■ Records supplied ■

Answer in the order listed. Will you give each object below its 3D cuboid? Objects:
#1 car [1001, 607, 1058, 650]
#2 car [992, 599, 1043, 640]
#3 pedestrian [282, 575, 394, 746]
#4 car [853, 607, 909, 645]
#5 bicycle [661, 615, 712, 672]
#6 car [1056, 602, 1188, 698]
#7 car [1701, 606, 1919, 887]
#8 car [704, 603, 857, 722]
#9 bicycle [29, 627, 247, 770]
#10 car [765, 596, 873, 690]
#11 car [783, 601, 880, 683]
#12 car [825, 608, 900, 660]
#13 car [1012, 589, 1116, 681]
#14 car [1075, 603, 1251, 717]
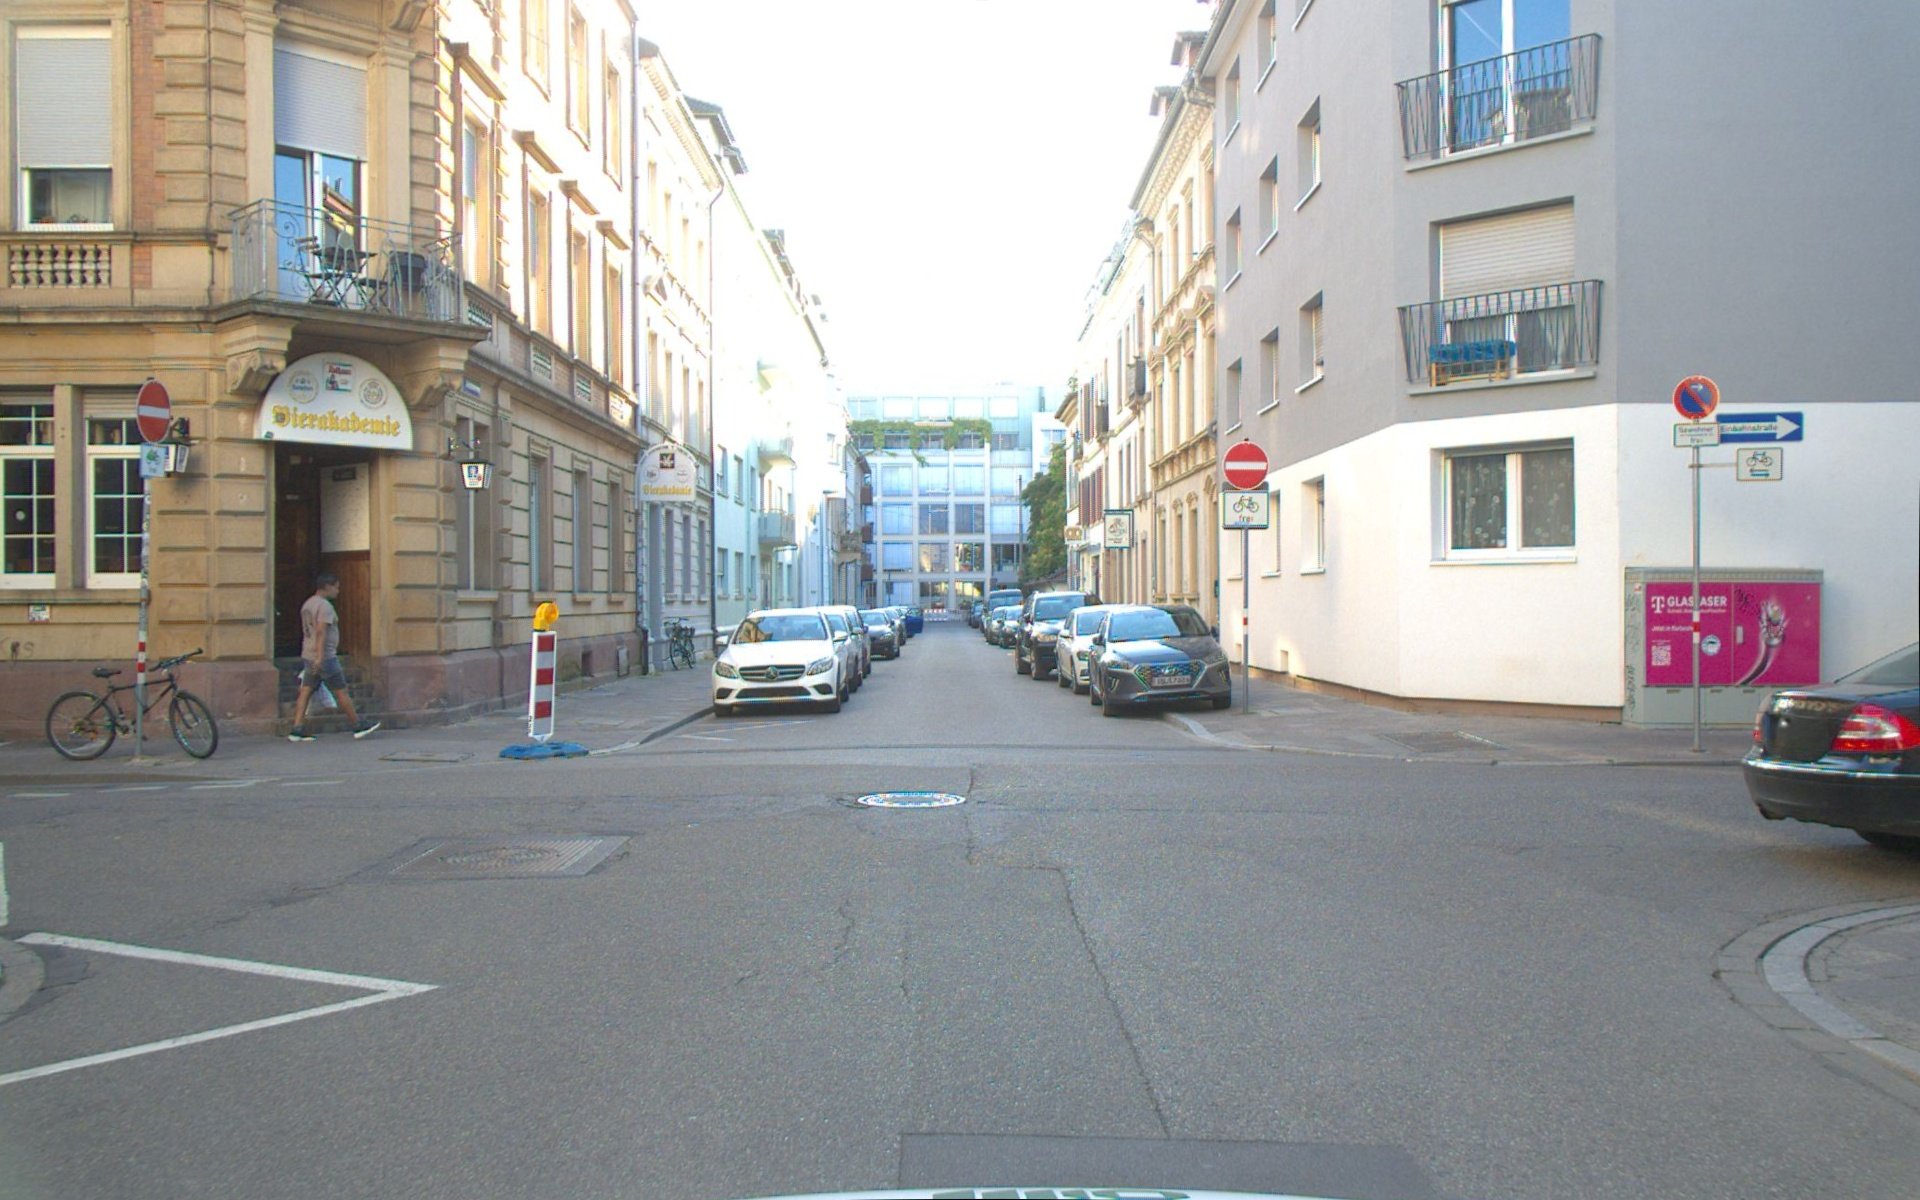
[{"bbox_3d":[2.491,1.005,60.144,1.952,1.476,4.000,0,0,0],"label":"car"},{"bbox_3d":[2.421,0.812,70.832,1.953,1.730,3.999,0,0,-1],"label":"car"},{"bbox_3d":[-6.704,0.623,17.813,1.002,1.773,0.975,0,0,-30],"label":"pedestrian"},{"bbox_3d":[-3.113,0.992,65.216,2.129,1.443,3.998,0,0,-3],"label":"car"},{"bbox_3d":[-5.922,0.928,35.886,0.722,1.181,2.461,0,0,-1],"label":"bicycle"},{"bbox_3d":[2.820,0.832,29.600,1.924,1.584,3.888,0,0,-1],"label":"car"},{"bbox_3d":[6.929,0.747,9.368,4.615,1.433,1.891,0,0,2],"label":"car"},{"bbox_3d":[-2.586,0.853,24.765,1.953,1.591,4.504,0,0,-2],"label":"car"},{"bbox_3d":[-7.892,0.933,15.931,1.723,1.297,0.660,0,3,-4],"label":"bicycle"},{"bbox_3d":[-2.514,0.733,30.197,1.591,1.604,3.754,0,0,1],"label":"car"},{"bbox_3d":[-2.742,0.864,35.933,1.748,1.688,3.817,0,0,1],"label":"car"},{"bbox_3d":[-2.733,0.928,47.190,1.953,1.378,4.428,0,0,-1],"label":"car"},{"bbox_3d":[2.142,0.701,35.009,1.855,1.815,3.999,0,0,-2],"label":"car"},{"bbox_3d":[2.786,0.786,23.528,1.899,1.396,3.787,-2,0,-2],"label":"car"}]

■ Exercise ■
Print the listing exactly. No pictures belong in the copy.

■ Solution to this task ■
Answer in the order listed. Will you give each object below its 3D cuboid? Objects:
#1 car [1001, 607, 1058, 650]
#2 car [992, 599, 1043, 640]
#3 pedestrian [282, 575, 394, 746]
#4 car [853, 607, 909, 645]
#5 bicycle [661, 615, 712, 672]
#6 car [1056, 602, 1188, 698]
#7 car [1701, 606, 1919, 887]
#8 car [704, 603, 857, 722]
#9 bicycle [29, 627, 247, 770]
#10 car [765, 596, 873, 690]
#11 car [783, 601, 880, 683]
#12 car [825, 608, 900, 660]
#13 car [1012, 589, 1116, 681]
#14 car [1075, 603, 1251, 717]
[{"bbox_3d":[2.491,1.005,60.144,1.952,1.476,4.000,0,0,0],"label":"car"},{"bbox_3d":[2.421,0.812,70.832,1.953,1.730,3.999,0,0,-1],"label":"car"},{"bbox_3d":[-6.704,0.623,17.813,1.002,1.773,0.975,0,0,-30],"label":"pedestrian"},{"bbox_3d":[-3.113,0.992,65.216,2.129,1.443,3.998,0,0,-3],"label":"car"},{"bbox_3d":[-5.922,0.928,35.886,0.722,1.181,2.461,0,0,-1],"label":"bicycle"},{"bbox_3d":[2.820,0.832,29.600,1.924,1.584,3.888,0,0,-1],"label":"car"},{"bbox_3d":[6.929,0.747,9.368,4.615,1.433,1.891,0,0,2],"label":"car"},{"bbox_3d":[-2.586,0.853,24.765,1.953,1.591,4.504,0,0,-2],"label":"car"},{"bbox_3d":[-7.892,0.933,15.931,1.723,1.297,0.660,0,3,-4],"label":"bicycle"},{"bbox_3d":[-2.514,0.733,30.197,1.591,1.604,3.754,0,0,1],"label":"car"},{"bbox_3d":[-2.742,0.864,35.933,1.748,1.688,3.817,0,0,1],"label":"car"},{"bbox_3d":[-2.733,0.928,47.190,1.953,1.378,4.428,0,0,-1],"label":"car"},{"bbox_3d":[2.142,0.701,35.009,1.855,1.815,3.999,0,0,-2],"label":"car"},{"bbox_3d":[2.786,0.786,23.528,1.899,1.396,3.787,-2,0,-2],"label":"car"}]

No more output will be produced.